From Guardian: “Croatia has enchanting words for genitalia?”

16 Jan

“Why doesn’t the UK?”

Because English-speaking peoples have a rich and ancient literary tradition that they draw on, honor and will hopefully continue to do so into a future far, far, away.  With Croats, you feel like: well, if you’re from Gospić you have to do something.***


I am friends with a Croatian couple who translate erotic fiction. This is eye-opening – not least my realisation that the UK doesn’t have nearly enough female-friendly euphemisms


šljiva plum Croatian

Some time at the end of the last century, I made a mistake. Friends of mine, a Croatian couple, asked me to find them a book called the The Art of Selling, and take it to them in Zagreb when I was next there. This was pre-internet and Amazon and all that caper, so it took some finding. Upon slapping it triumphantly on my friends’ kitchen table, I was told this wasn’t the book they were after; far from it. They had asked me for The Art of Sailing. Imagine their disappointment.

However, in a lifetime of unforced errors, this one was more or less alone in that it actually turned out for the best. My friends read The Art of Selling, liked it, saw a market for it, translated it into Croatian, sold lots of copies, and their publishing business was born. I saw them last week; these days they are engaged in the translation of erotic fiction into Croatian. This, as you can imagine, has its challenges. The word “manhood” is one. “What’s that all about?” my friend Zrinka asked me.

“No idea,” I shrugged. There is a Croatian word for manhood but in this context it sounds absurd. Also, she tells me there is no translation for having sex that is neither lewd nor technical-sounding, like the word “copulation”, which she is often forced to use. It’s nicely neutral, she says.

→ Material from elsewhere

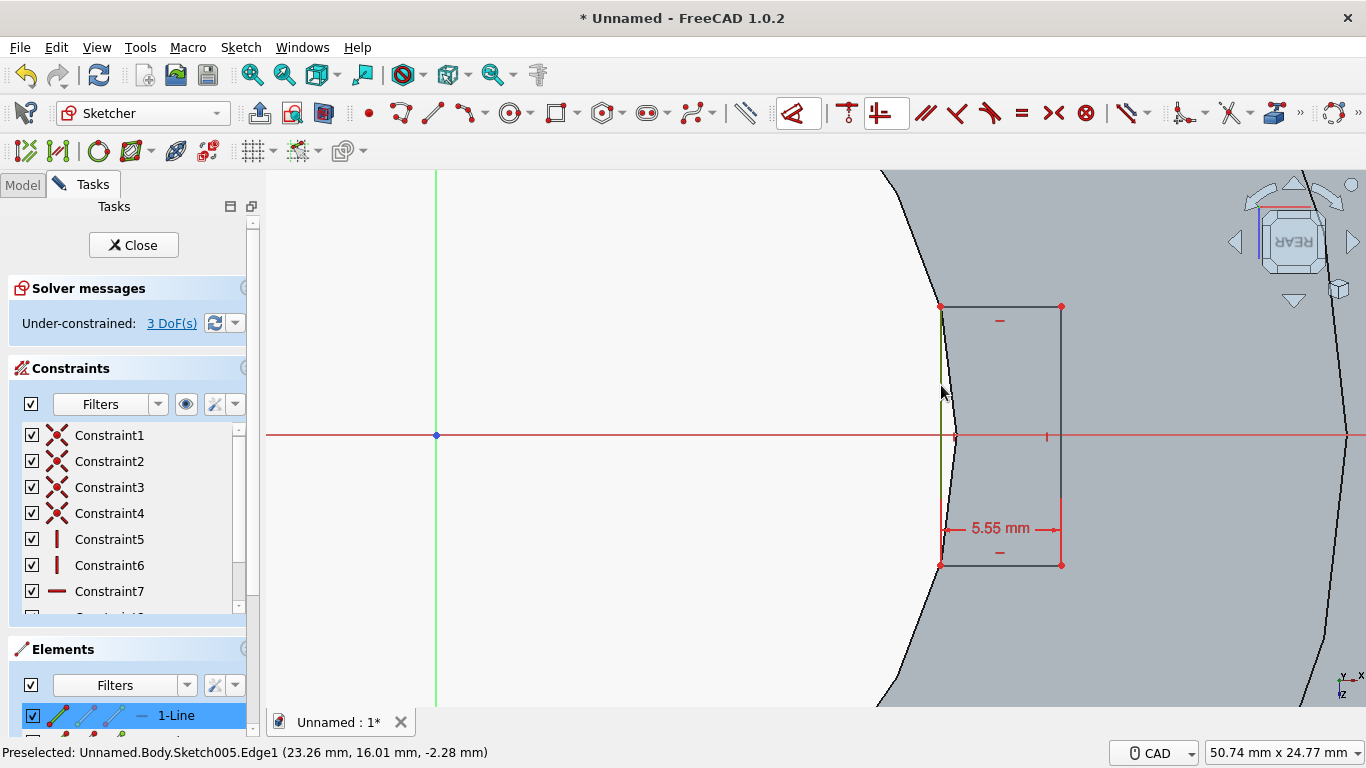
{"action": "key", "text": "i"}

I took this as a compliment to our language, but it probably says something less complimentary about our attitude to sex.

The words for orgasm are similar to ours, although they do have a charming archaic one in occasional use: sladostrašće, which is literally “sweet passion”. Nice. “It’s kind of like la petite mort,” said Zrinka. “You use that in English, don’t you?”

Do we? I’ve heard tell of it, but can’t say I’ve ever uttered it.

“Any trouble with other words for cock?” I asked, eager to be of assistance.

“No, we’re good for those. We have plenty.”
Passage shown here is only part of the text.